*Exercise aim*: From the data below, repeat everything exactly except the images.

*Entries provided*:
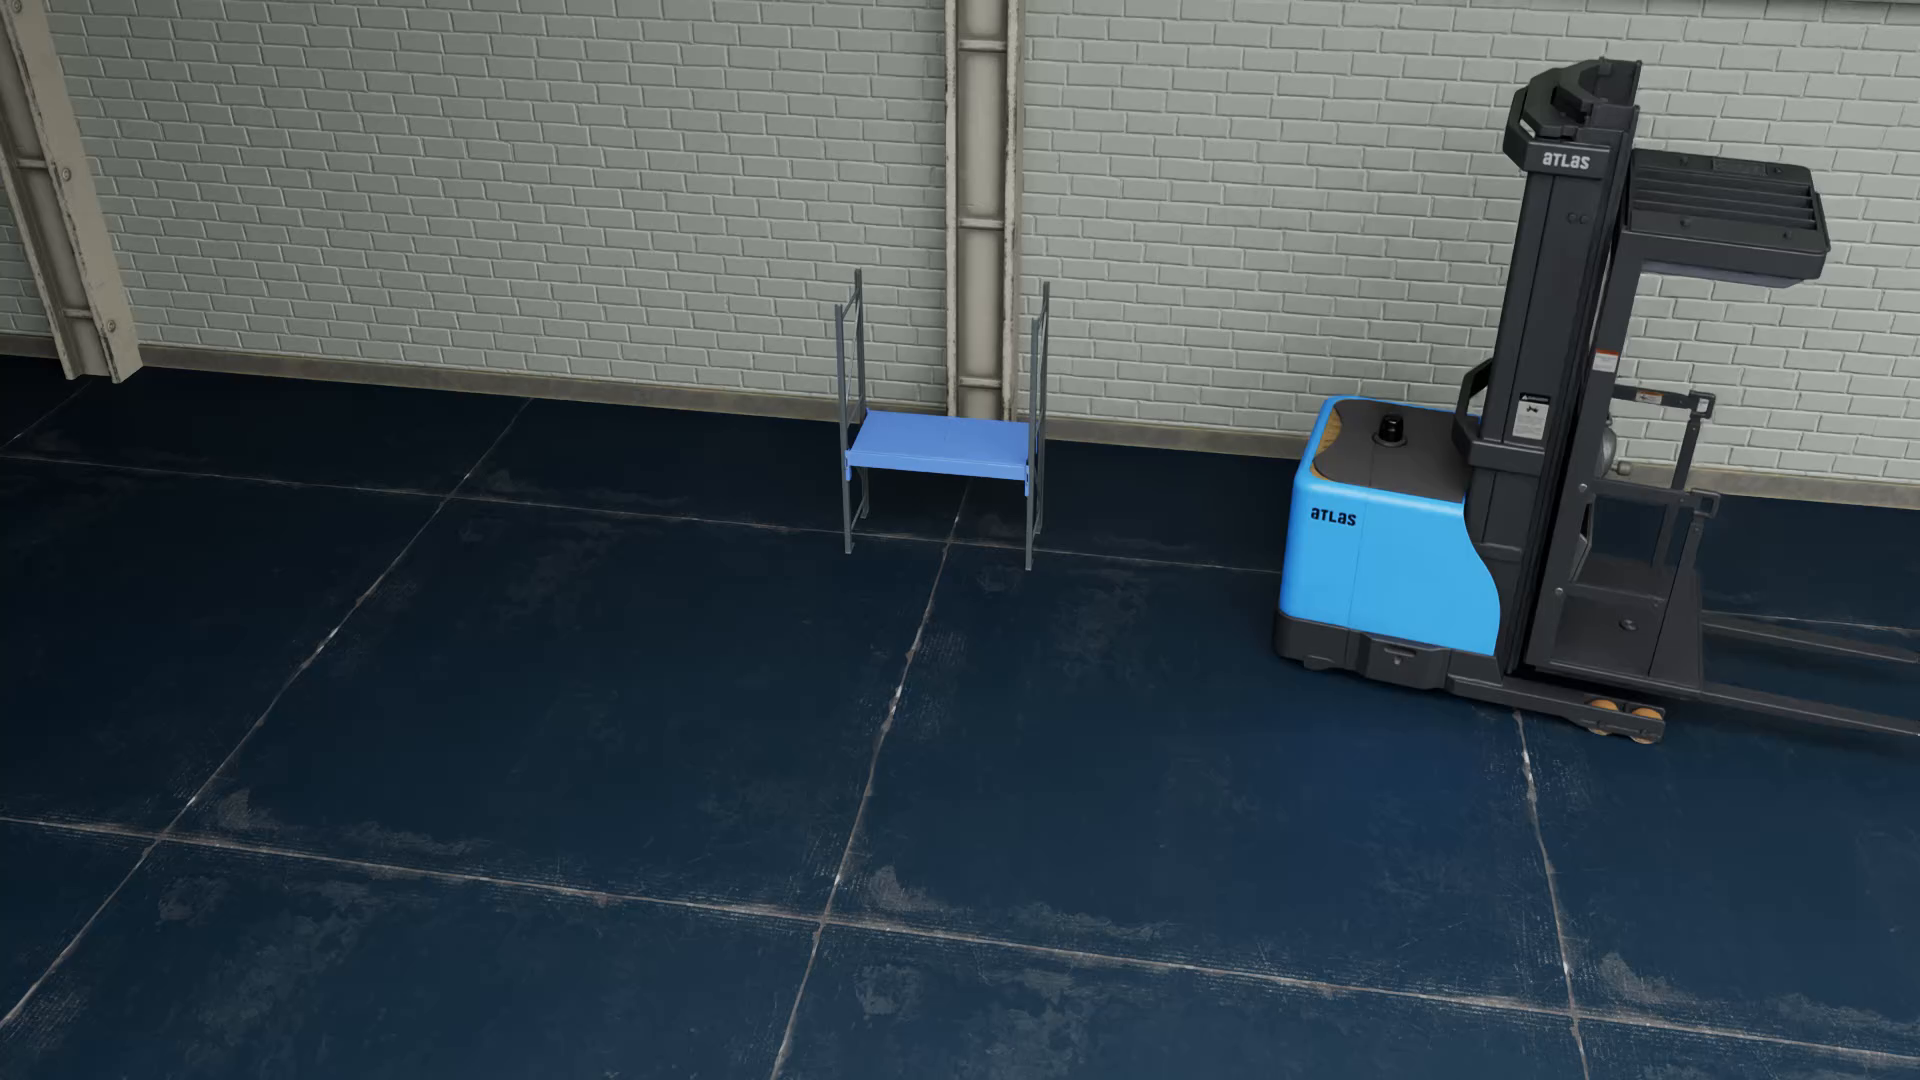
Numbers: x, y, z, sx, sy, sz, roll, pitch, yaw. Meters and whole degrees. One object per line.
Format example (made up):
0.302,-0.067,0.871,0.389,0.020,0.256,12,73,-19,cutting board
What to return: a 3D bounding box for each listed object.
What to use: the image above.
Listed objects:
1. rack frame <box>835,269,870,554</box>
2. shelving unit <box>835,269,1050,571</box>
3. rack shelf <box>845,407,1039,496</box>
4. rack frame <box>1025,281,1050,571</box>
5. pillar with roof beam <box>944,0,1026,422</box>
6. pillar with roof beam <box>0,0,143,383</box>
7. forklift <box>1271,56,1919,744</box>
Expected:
-0.585,-0.689,9.111,0.032,1.500,0.500,5,32,8,rack frame
-0.084,-0.643,9.038,1.048,1.500,0.538,5,32,8,shelving unit
-0.084,-0.491,9.134,1.000,0.185,0.538,5,32,8,rack shelf
0.417,-0.598,8.966,0.032,1.500,0.500,5,32,8,rack frame
-0.586,-2.169,4.408,0.400,9.000,9.100,5,32,8,pillar with roof beam
-6.501,-2.705,5.264,0.400,9.000,9.100,5,32,8,pillar with roof beam
3.150,-0.596,7.614,3.031,2.935,1.130,11,34,17,forklift
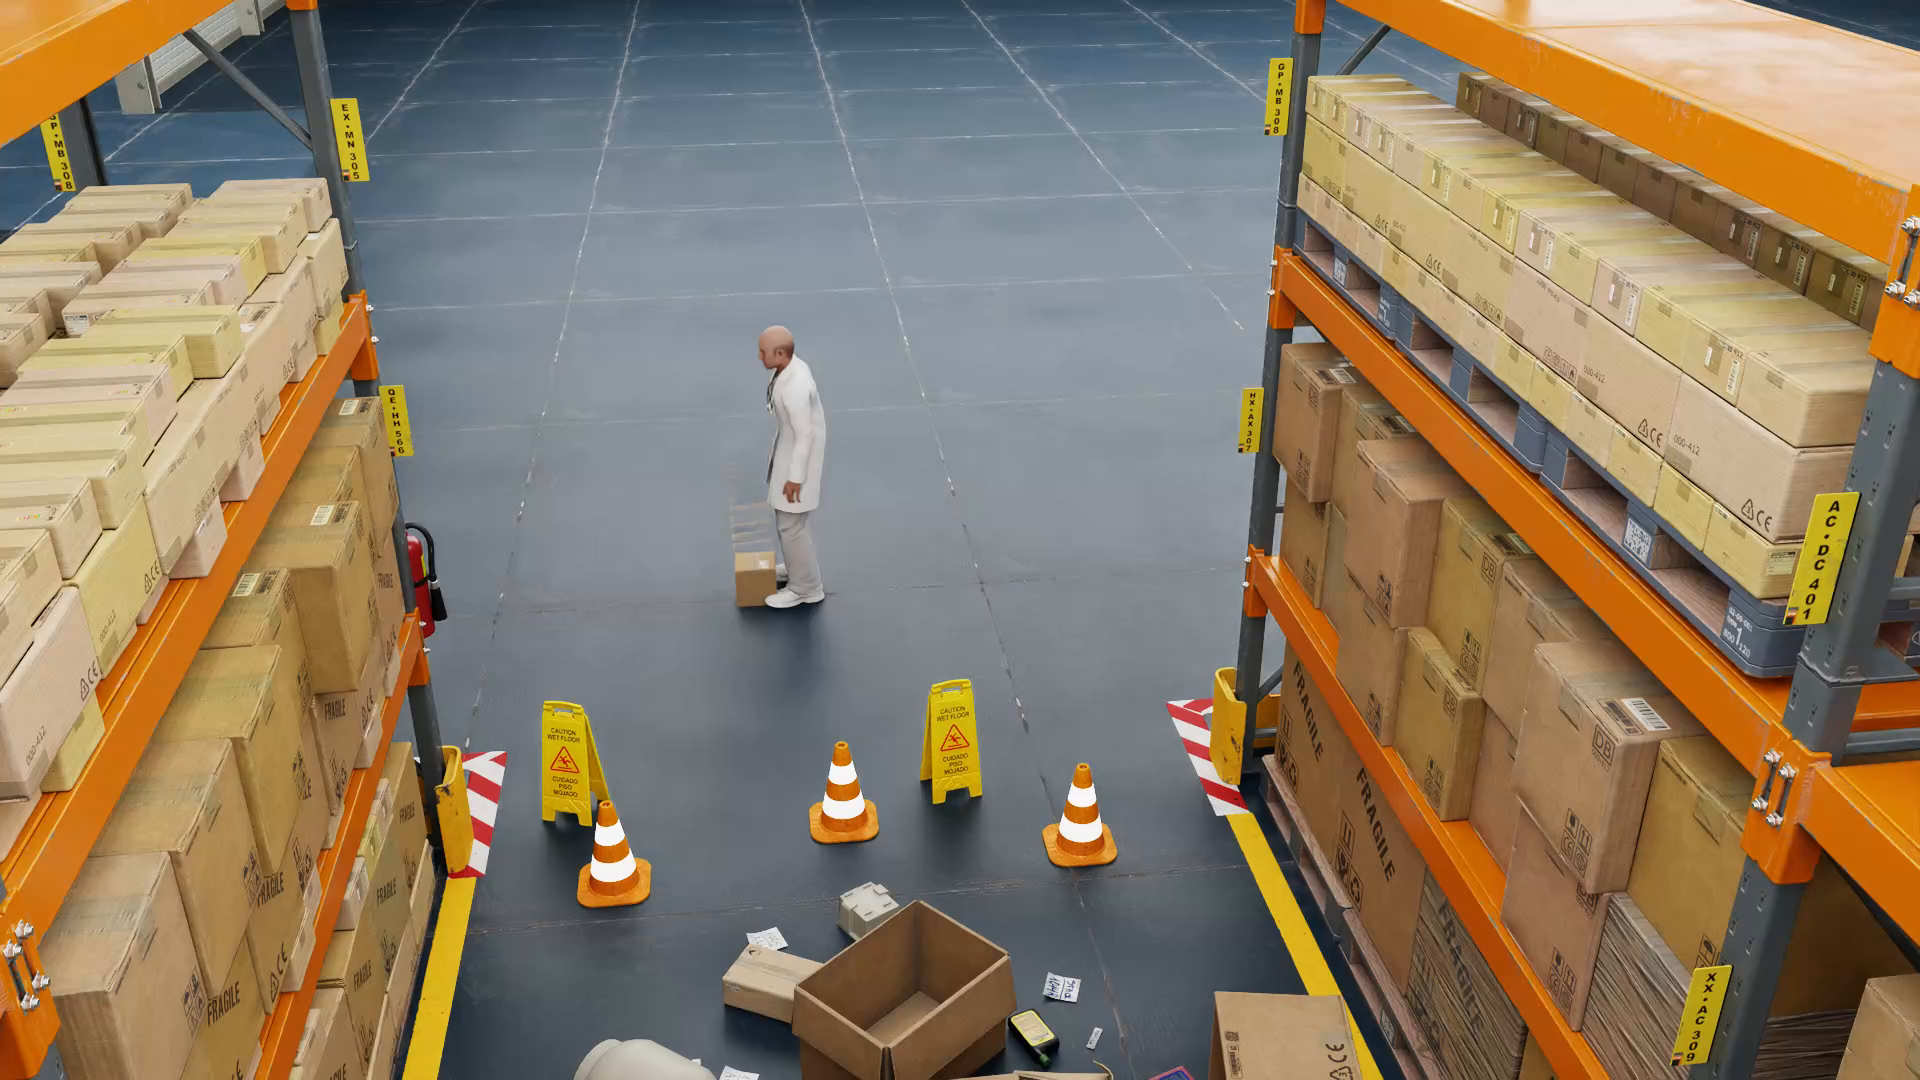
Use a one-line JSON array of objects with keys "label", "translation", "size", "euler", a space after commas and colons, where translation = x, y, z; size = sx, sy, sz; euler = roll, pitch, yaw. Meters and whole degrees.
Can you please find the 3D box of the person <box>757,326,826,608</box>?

*Answer box*:
Numbers: x, y, z, sx, sy, sz, roll, pitch, yaw. Meters and whole degrees. One object per line.
Format example (made up):
0.302,-0.067,0.871,0.389,0.020,0.256,12,73,-19,cutting board
What to return: a 3D bounding box for each listed object.
What to use: the image above.
Listed objects:
1. rack frame <box>835,269,870,554</box>
2. shelving unit <box>835,269,1050,571</box>
3. rack shelf <box>845,407,1039,496</box>
4. rack frame <box>1025,281,1050,571</box>
5. pillar with roof beam <box>944,0,1026,422</box>
6. pillar with roof beam <box>0,0,143,383</box>
7. forklift <box>1271,56,1919,744</box>
Expected:
-0.585,-0.689,9.111,0.032,1.500,0.500,5,32,8,rack frame
-0.084,-0.643,9.038,1.048,1.500,0.538,5,32,8,shelving unit
-0.084,-0.491,9.134,1.000,0.185,0.538,5,32,8,rack shelf
0.417,-0.598,8.966,0.032,1.500,0.500,5,32,8,rack frame
-0.586,-2.169,4.408,0.400,9.000,9.100,5,32,8,pillar with roof beam
-6.501,-2.705,5.264,0.400,9.000,9.100,5,32,8,pillar with roof beam
3.150,-0.596,7.614,3.031,2.935,1.130,11,34,17,forklift
Use a one-line JSON array of objects with keys "label", "translation", "size", "euler", a space after commas and colons, where translation = x, y, z; size = sx, sy, sz; euler = roll, pitch, yaw. Meters and whole degrees.
Can you please find the 3D box of the person <box>757,326,826,608</box>?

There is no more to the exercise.